Stored dataset items
------------------------------

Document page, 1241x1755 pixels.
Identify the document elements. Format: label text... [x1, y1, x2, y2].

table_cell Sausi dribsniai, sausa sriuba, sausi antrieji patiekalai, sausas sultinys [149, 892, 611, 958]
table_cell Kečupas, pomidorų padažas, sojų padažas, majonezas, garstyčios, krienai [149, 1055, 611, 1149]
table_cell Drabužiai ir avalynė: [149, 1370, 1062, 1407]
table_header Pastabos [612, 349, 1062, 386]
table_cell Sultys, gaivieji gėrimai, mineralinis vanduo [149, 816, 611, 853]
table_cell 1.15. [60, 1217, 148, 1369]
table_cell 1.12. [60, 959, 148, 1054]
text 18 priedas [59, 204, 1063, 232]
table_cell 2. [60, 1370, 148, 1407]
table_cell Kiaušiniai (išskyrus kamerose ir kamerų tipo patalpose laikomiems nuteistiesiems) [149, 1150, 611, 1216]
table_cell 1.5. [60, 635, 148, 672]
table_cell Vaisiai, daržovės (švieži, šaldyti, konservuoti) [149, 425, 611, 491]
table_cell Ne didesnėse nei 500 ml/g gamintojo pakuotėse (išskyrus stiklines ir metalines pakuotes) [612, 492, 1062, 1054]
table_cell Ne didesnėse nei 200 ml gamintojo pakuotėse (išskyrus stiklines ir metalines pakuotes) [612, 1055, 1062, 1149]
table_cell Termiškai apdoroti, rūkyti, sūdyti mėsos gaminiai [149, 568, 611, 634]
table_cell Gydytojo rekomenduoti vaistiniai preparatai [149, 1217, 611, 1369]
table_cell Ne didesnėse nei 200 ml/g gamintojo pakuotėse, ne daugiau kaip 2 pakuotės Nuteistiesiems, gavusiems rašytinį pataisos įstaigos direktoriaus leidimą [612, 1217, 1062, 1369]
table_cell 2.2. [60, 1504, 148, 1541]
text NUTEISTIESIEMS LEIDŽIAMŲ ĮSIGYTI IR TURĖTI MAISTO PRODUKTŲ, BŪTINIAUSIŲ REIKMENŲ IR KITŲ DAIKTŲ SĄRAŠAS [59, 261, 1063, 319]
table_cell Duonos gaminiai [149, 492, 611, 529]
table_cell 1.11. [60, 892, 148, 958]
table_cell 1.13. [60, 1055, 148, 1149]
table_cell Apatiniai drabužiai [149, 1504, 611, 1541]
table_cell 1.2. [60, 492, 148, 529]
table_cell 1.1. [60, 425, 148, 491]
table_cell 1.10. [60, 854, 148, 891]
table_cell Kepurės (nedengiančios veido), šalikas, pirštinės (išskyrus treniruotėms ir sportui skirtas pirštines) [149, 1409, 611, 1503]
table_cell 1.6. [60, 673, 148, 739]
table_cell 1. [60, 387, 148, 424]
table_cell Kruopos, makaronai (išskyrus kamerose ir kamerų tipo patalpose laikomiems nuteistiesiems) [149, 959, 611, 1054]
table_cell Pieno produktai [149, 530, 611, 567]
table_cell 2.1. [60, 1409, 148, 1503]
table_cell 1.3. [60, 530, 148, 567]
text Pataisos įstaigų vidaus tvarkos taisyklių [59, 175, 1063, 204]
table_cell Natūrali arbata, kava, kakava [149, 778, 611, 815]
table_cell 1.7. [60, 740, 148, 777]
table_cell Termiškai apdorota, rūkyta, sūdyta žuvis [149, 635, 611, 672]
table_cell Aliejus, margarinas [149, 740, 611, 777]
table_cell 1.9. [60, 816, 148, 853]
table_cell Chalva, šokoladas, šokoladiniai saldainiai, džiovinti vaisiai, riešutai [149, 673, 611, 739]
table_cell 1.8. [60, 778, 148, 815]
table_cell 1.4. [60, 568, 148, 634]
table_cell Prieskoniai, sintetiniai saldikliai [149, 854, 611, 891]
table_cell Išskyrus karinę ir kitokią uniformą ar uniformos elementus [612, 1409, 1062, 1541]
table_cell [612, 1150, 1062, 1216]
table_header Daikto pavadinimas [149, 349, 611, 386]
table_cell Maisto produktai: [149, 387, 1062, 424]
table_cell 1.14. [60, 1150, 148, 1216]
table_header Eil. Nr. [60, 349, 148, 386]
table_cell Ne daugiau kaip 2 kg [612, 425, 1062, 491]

------------------------------

Exercise instructions
Copy the stretch of the records above that runs from the line with "table_cell Ne didesnėse nei 200 ml/g" through the line with "table_cell Išskyrus karinę". Both end lines belong in the copy, and nothing else does.

Response below
table_cell Ne didesnėse nei 200 ml/g gamintojo pakuotėse, ne daugiau kaip 2 pakuotės Nuteistiesiems, gavusiems rašytinį pataisos įstaigos direktoriaus leidimą [612, 1217, 1062, 1369]
table_cell 2.2. [60, 1504, 148, 1541]
text NUTEISTIESIEMS LEIDŽIAMŲ ĮSIGYTI IR TURĖTI MAISTO PRODUKTŲ, BŪTINIAUSIŲ REIKMENŲ IR KITŲ DAIKTŲ SĄRAŠAS [59, 261, 1063, 319]
table_cell Duonos gaminiai [149, 492, 611, 529]
table_cell 1.11. [60, 892, 148, 958]
table_cell 1.13. [60, 1055, 148, 1149]
table_cell Apatiniai drabužiai [149, 1504, 611, 1541]
table_cell 1.2. [60, 492, 148, 529]
table_cell 1.1. [60, 425, 148, 491]
table_cell 1.10. [60, 854, 148, 891]
table_cell Kepurės (nedengiančios veido), šalikas, pirštinės (išskyrus treniruotėms ir sportui skirtas pirštines) [149, 1409, 611, 1503]
table_cell 1.6. [60, 673, 148, 739]
table_cell 1. [60, 387, 148, 424]
table_cell Kruopos, makaronai (išskyrus kamerose ir kamerų tipo patalpose laikomiems nuteistiesiems) [149, 959, 611, 1054]
table_cell Pieno produktai [149, 530, 611, 567]
table_cell 2.1. [60, 1409, 148, 1503]
table_cell 1.3. [60, 530, 148, 567]
text Pataisos įstaigų vidaus tvarkos taisyklių [59, 175, 1063, 204]
table_cell Natūrali arbata, kava, kakava [149, 778, 611, 815]
table_cell 1.7. [60, 740, 148, 777]
table_cell Termiškai apdorota, rūkyta, sūdyta žuvis [149, 635, 611, 672]
table_cell Aliejus, margarinas [149, 740, 611, 777]
table_cell 1.9. [60, 816, 148, 853]
table_cell Chalva, šokoladas, šokoladiniai saldainiai, džiovinti vaisiai, riešutai [149, 673, 611, 739]
table_cell 1.8. [60, 778, 148, 815]
table_cell 1.4. [60, 568, 148, 634]
table_cell Prieskoniai, sintetiniai saldikliai [149, 854, 611, 891]
table_cell Išskyrus karinę ir kitokią uniformą ar uniformos elementus [612, 1409, 1062, 1541]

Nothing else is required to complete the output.